Dhaka Export Processing Zone
- Native name: ঢাকা রপ্তানি প্রক্রিয়াকরণ অঞ্চল
- Industry: Export Processing
- Founded: 1993; 33 years ago
- Founder: Government of Bangladesh
- Headquarters: Ashulia, Savar, Dhaka, Bangladesh
- Products: Ready-made Garments, Toys, Sweaters, Blankets
- Revenue: $1,780.73 million (2012-2013)
- Parent: Bangladesh Export Processing Zone Authority (BEPZA)
- Website: Official Website

= Dhaka Export Processing Zone =

Industrial park in Savar, Bangladesh

Dhaka Export Processing Zone (ঢাকা রপ্তানি প্রক্রিয়াকরণ অঞ্চল, abbreviated as Dhaka EPZ, DEPZ, or Savar EPZ) is an export processing zone in Bangladesh. It is located in the Ashulia area of Savar Upazila, near the capital Dhaka. The zone was established in 1993, and in 1997, an expanded area was added. Covering 356.22 acres, it is the second-largest export processing zone in Bangladesh.

== Location ==
The Dhaka EPZ is situated 35 kilometers from the capital Dhaka in the Savar Upazila of Ashulia at Gonokbari, Savar. It is located 25 kilometers from Hazrat Shahjalal International Airport, and 304 kilometers from Chittagong Sea Port.

== Facilities ==
The zone operates as a duty-free area where raw materials can be imported and tax-free export of finished products. The zone is equipped with its own water supply system, power plant, and an 11kV substation under the management of BEPZA. Titas Gas provides natural gas as fuel for the factories in the zone.

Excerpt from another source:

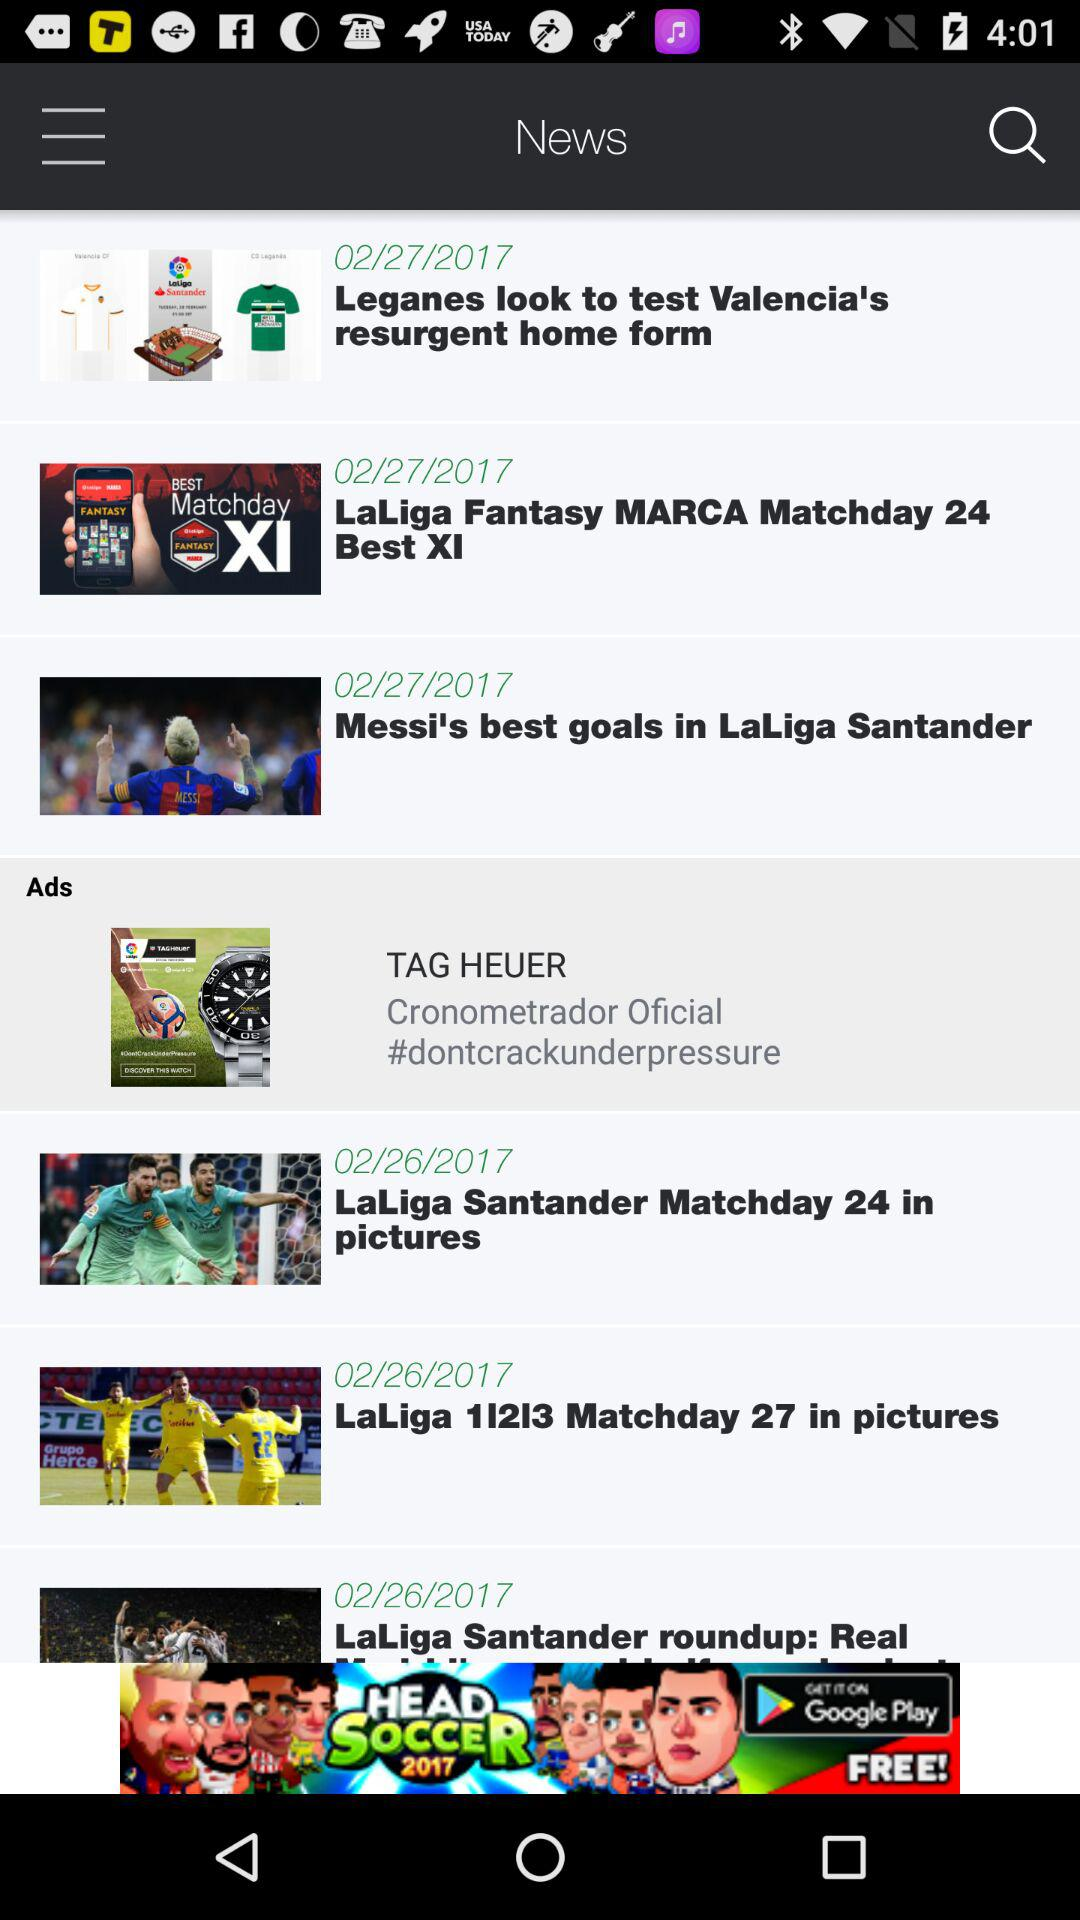On which date was the news "Leganes look to test Valencia's resurgent home form" posted? The news "Leganes look to test Valencia's resurgent home form" was posted on February 27, 2017. 
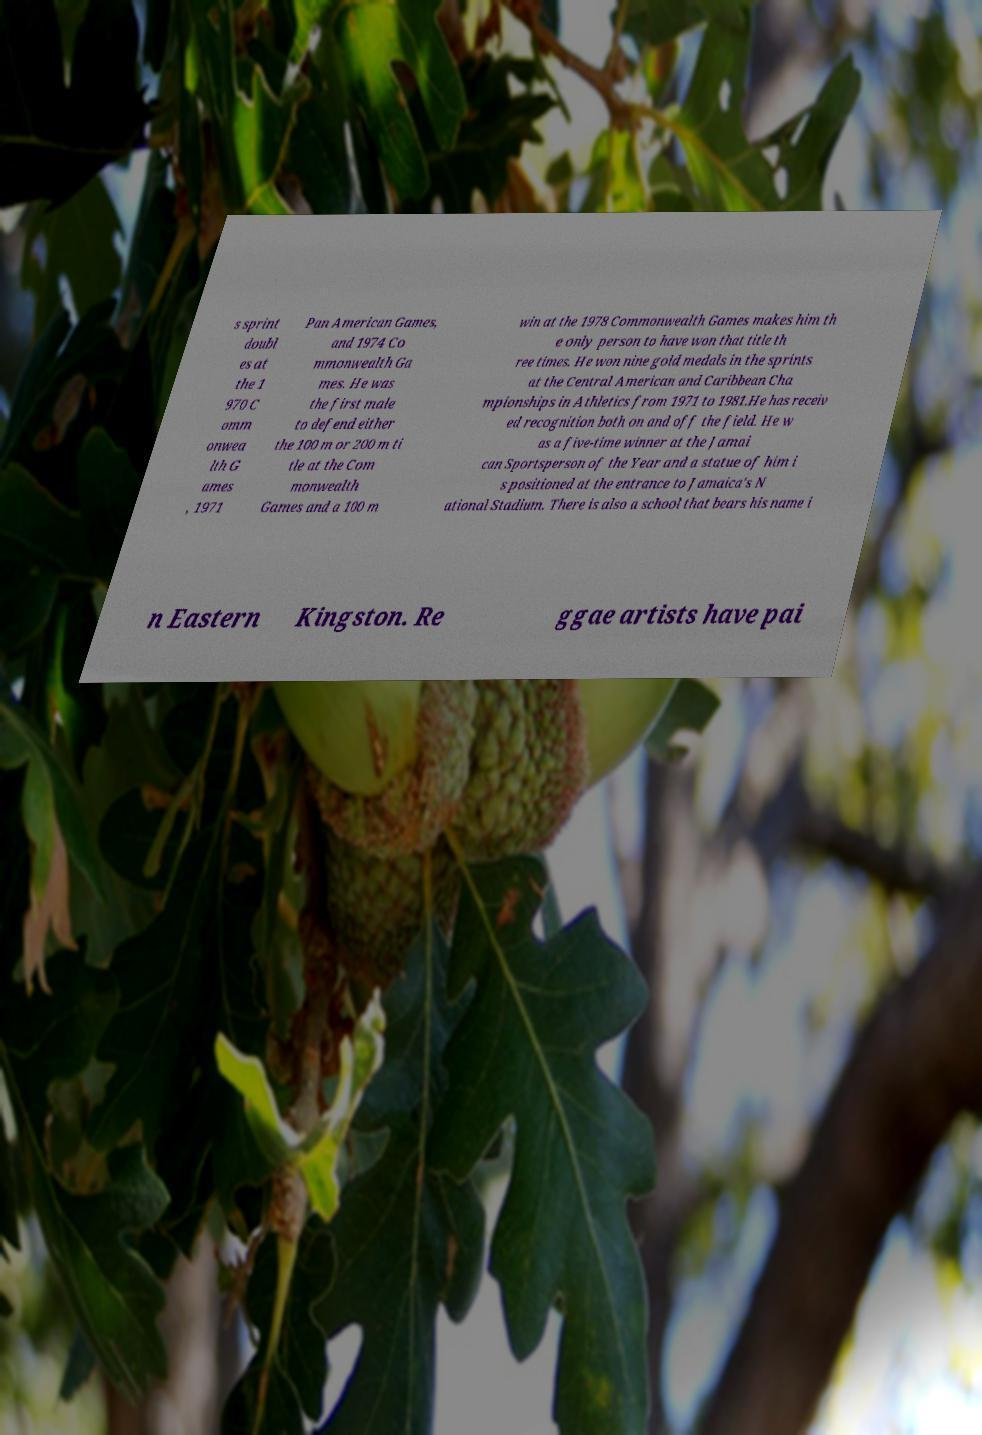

== Industrial establishments ==
There are three types of investments in the industries located within the Dhaka EPZ:
1. 100% foreign investment
2. Joint investment between foreign and local capital
3. 100% local investment
The zone contains a total of 451 industrial plots.

== Products manufactured ==
The main products manufactured in the Dhaka EPZ include:
- Ready-made garments
- Toys
- Sweaters
- Blankets

== Exports ==
In the 2012-2013 fiscal year, a total of US$4,856.68 million worth of products were exported from all EPZs, accounting for about 18% of the national exports. Of this, the Dhaka EPZ exported goods worth US$1,780.73 million. In the 2013-2014 fiscal year, EPZs collectively exported products worth US$5,525.30 million, with Dhaka EPZ contributing US$1,780.72 million. Over the past six years, BEPZA has achieved a 129.55% growth in investment, 155.95% growth in exports, and 112.30% growth in employment.